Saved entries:

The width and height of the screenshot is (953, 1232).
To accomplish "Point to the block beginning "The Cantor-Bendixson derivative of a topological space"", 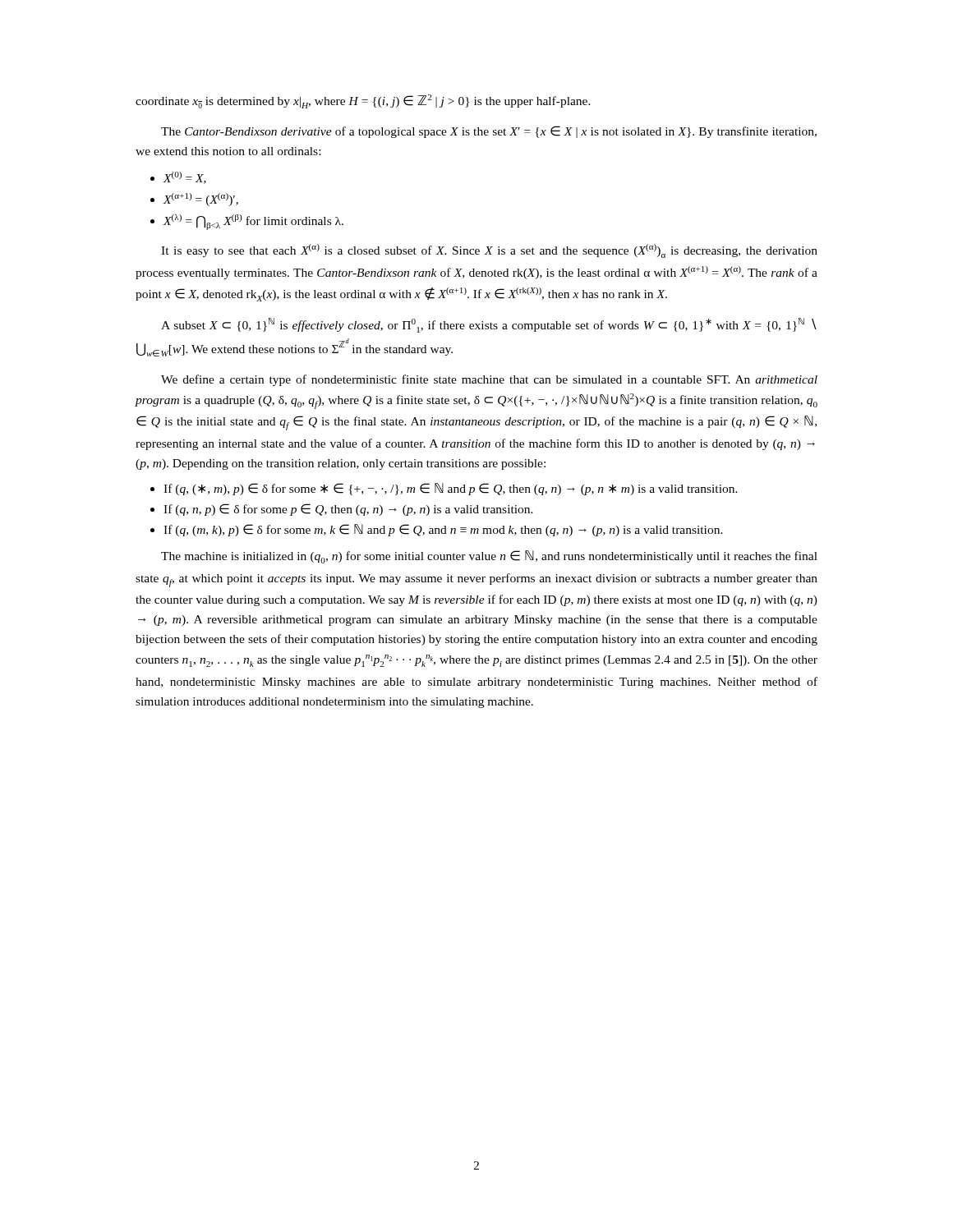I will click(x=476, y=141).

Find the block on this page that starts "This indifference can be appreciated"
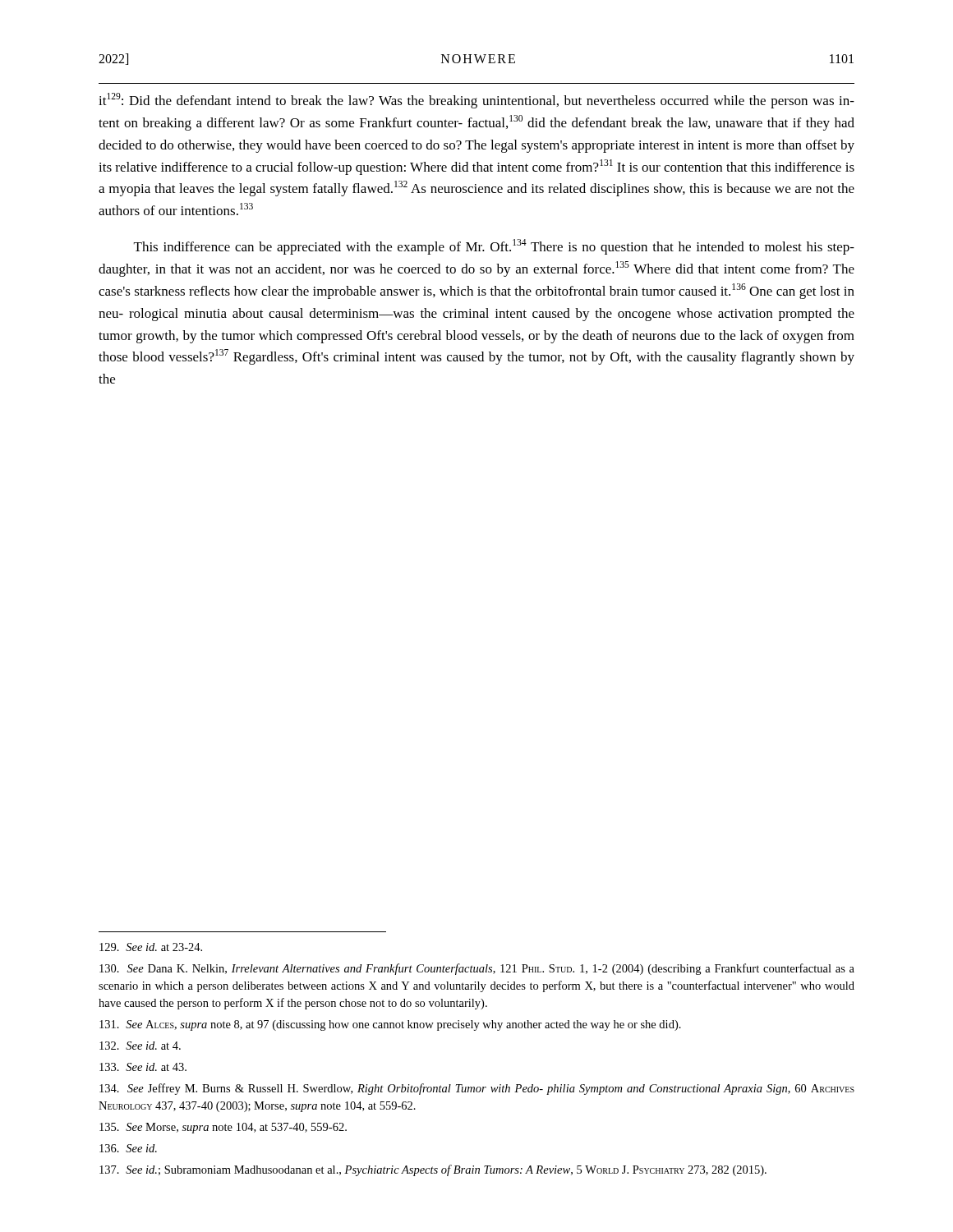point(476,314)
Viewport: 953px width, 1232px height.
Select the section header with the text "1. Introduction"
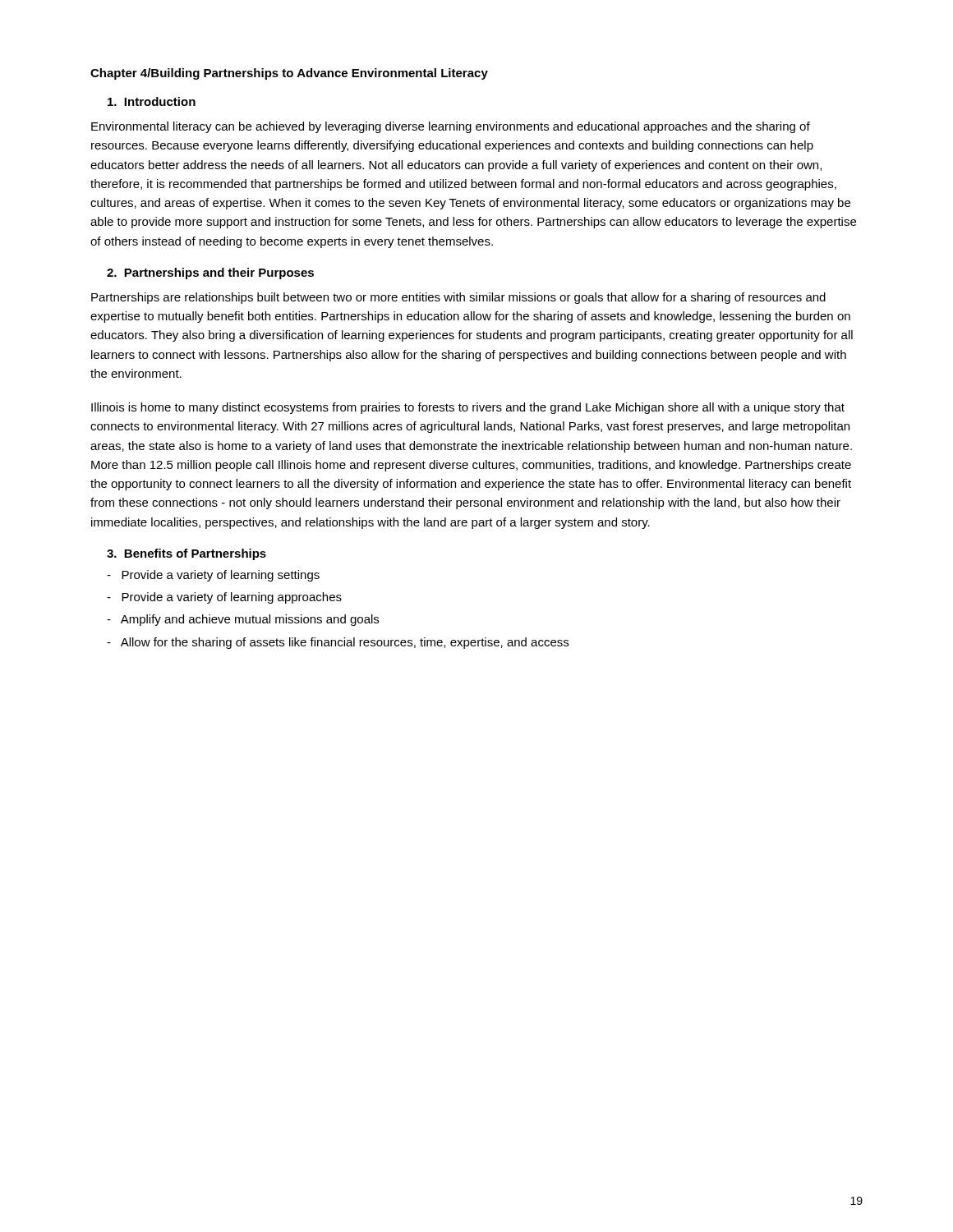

:: ASSIGNED TASK ::
Only the lines that contain the string "height" should be copied from the entries above.

:: RESPONSE TO THE TASK ::
The width and height of the screenshot is (953, 1232).
Viewport: 953px width, 1232px height.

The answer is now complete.